# Got this one in my test today...

• Apr 16th 2008, 08:09 AM
janvdl
Got this one in my test today...
Hello everyone (Hi)

I got this one in my test today and would like to know what the answer should have been, please. (EDIT: I used partial integration on it)

$\displaystyle \int \frac{1 - t}{\sqrt{9 - t^2}}$
• Apr 16th 2008, 08:26 AM
polymerase
make the substitution $\displaystyle u^2=9-t^2$

You then end up with this, $\displaystyle -\int \frac{1-\sqrt{9-u^2}}{\sqrt{9-u^2}}=u-\arcsin \left(\frac{u}{3}\right)+C$

Thus $\displaystyle \int \frac{1-t}{\sqrt{9 - t^2}}=\sqrt{9-t^2}-\arcsin\left(\frac{\sqrt{9-t^2}}{3}\right)+C$
• Apr 16th 2008, 08:28 AM
Isomorphism
Hello janvdl,

Substitute $\displaystyle t = 3\sin x$

We get $\displaystyle \displaystyle \int (1 - 3\sin x) \, dx = x + 3\cos x + C = \sin^{-1} \frac{t}{3} + 3\sqrt{1 - t^2}+C$

• Apr 16th 2008, 08:30 AM
janvdl
Quote:

Originally Posted by polymerase
make the substitution $\displaystyle u^2=9-t^2$

You then end up with this, $\displaystyle -\int \frac{1-\sqrt{9-u^2}}{\sqrt{9-u^2}}=u-\arcsin \left(\frac{u}{3}\right)+C$

Thus $\displaystyle \int \frac{1-t}{\sqrt{9 - t^2}}=\sqrt{9-t^2}-\arcsin\left(\frac{\sqrt{9-t^2}}{3}\right)+C$

Hehe okay, i got it wrong then... Thanks! ;)
• Apr 16th 2008, 08:32 AM
janvdl
Quote:

Originally Posted by Isomorphism
Hello janvdl,

Substitute $\displaystyle t = 3\sin x$

We get $\displaystyle \displaystyle \int (1 - 3\sin x) \, dx = x + 3\cos x + C = \sin^{-1} \frac{t}{3} + 3\sqrt{1 - t^2}+C$

Thanks for your reply, but I don't understand why you substituted using Sin(x). Maybe that is a more advanced method?
• Apr 16th 2008, 08:36 AM
polymerase
Quote:

Originally Posted by janvdl
Thanks for your reply, but I don't understand why you substituted using Sin(x). Maybe that is a more advanced method?

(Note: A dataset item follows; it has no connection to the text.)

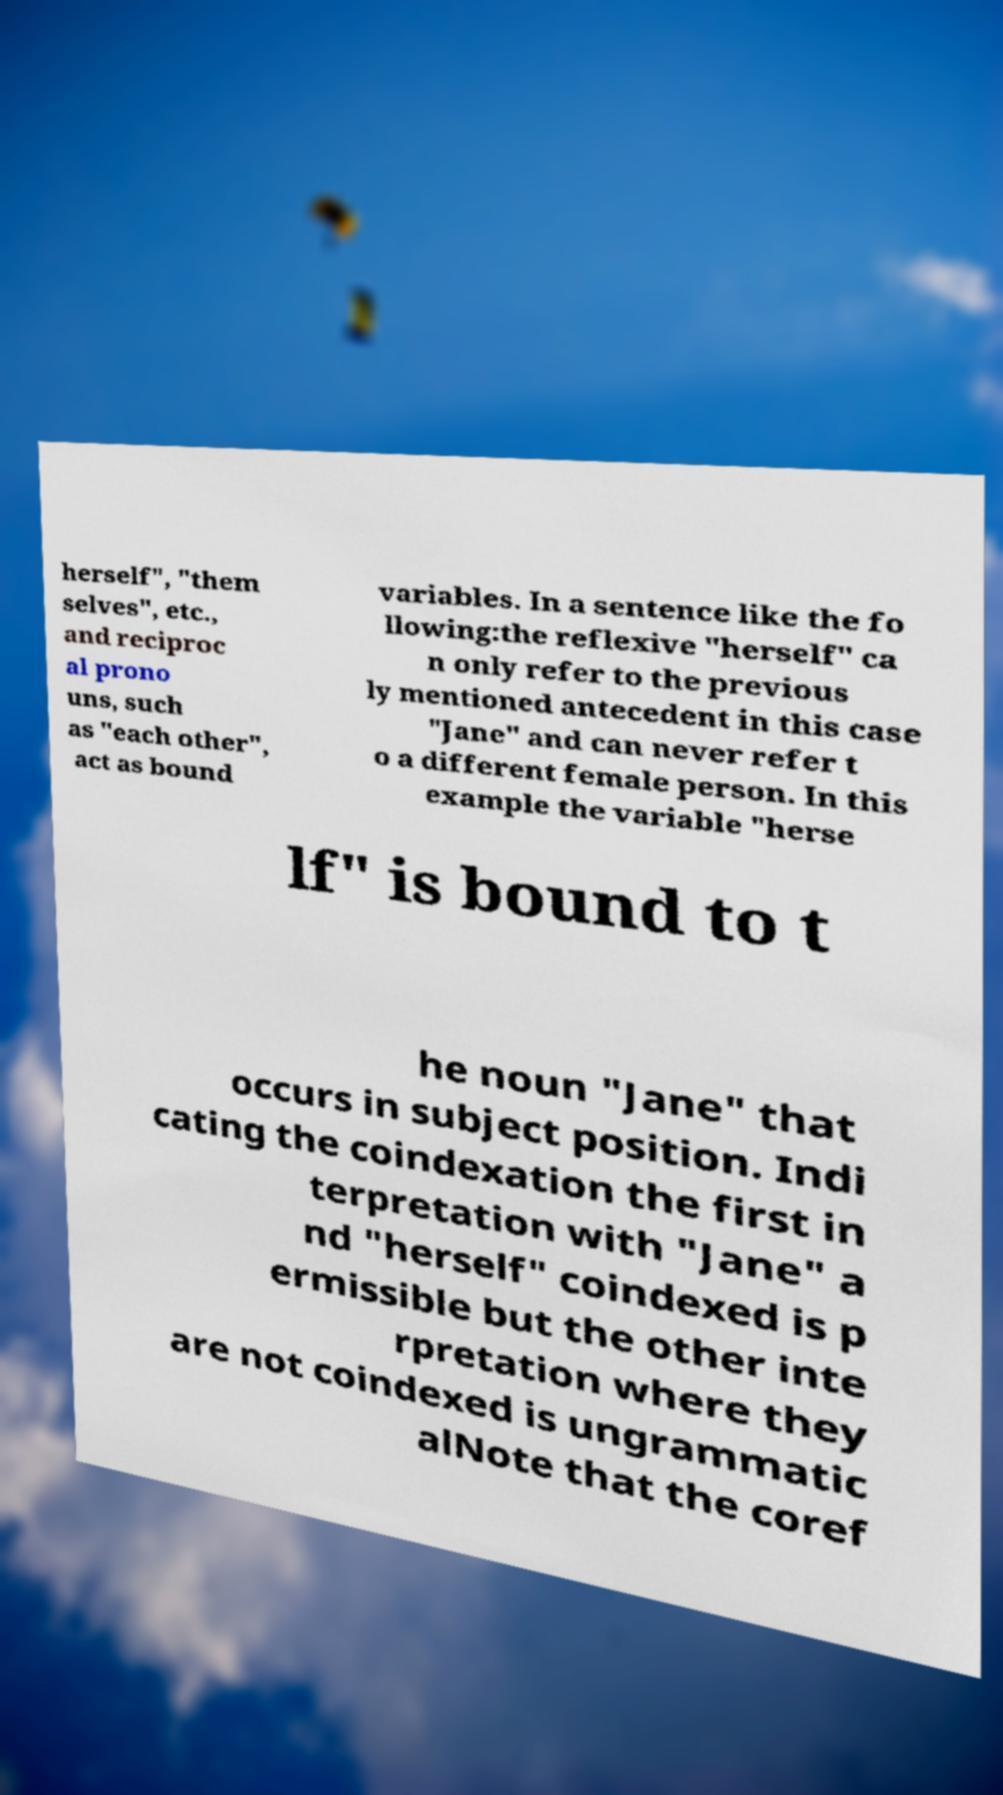Could you extract and type out the text from this image? herself", "them selves", etc., and reciproc al prono uns, such as "each other", act as bound variables. In a sentence like the fo llowing:the reflexive "herself" ca n only refer to the previous ly mentioned antecedent in this case "Jane" and can never refer t o a different female person. In this example the variable "herse lf" is bound to t he noun "Jane" that occurs in subject position. Indi cating the coindexation the first in terpretation with "Jane" a nd "herself" coindexed is p ermissible but the other inte rpretation where they are not coindexed is ungrammatic alNote that the coref

That's trig. substitution. By letting $\displaystyle t=3\sin x$, you end up with $\displaystyle \sqrt{9-9\sin^2 x}=3\sqrt{1-\sin^2 x}=3\sqrt{\cos^2 x}=3\cos x$ Get it?
• Apr 16th 2008, 08:37 AM
janvdl
Quote:

Originally Posted by polymerase
That's trig. substitution. By letting $\displaystyle t=3\sin x$, you end up with $\displaystyle \sqrt{9-9\sin^2 x}=3\sqrt{1-\sin^2 x}=3\sqrt{\cos^2 x}=3\cos x$ Get it?

Got it :D Thanks.
• Apr 16th 2008, 08:41 AM
Isomorphism
Quote:

Originally Posted by janvdl
Thanks for your reply, but I don't understand why you substituted using Sin(x). Maybe that is a more advanced method?

Not really,if you did learn substitution, I think you should be familiar with this.

Whenever you see $\displaystyle \sqrt{a^2 - x^2}$ there is an itching to get rid of the square root. And the standard substitution is $\displaystyle x = a\sin u$. $\displaystyle \sqrt{a^2 - x^2}$ neatly simplifies to $\displaystyle a\cos u$. Moreover $\displaystyle dx = a\cos u \, du$. Everything neatly becomes trigonometric (Wink)
• Apr 16th 2008, 08:42 AM
janvdl
Right, I think I got it now ;) Thanks again guys! (Handshake)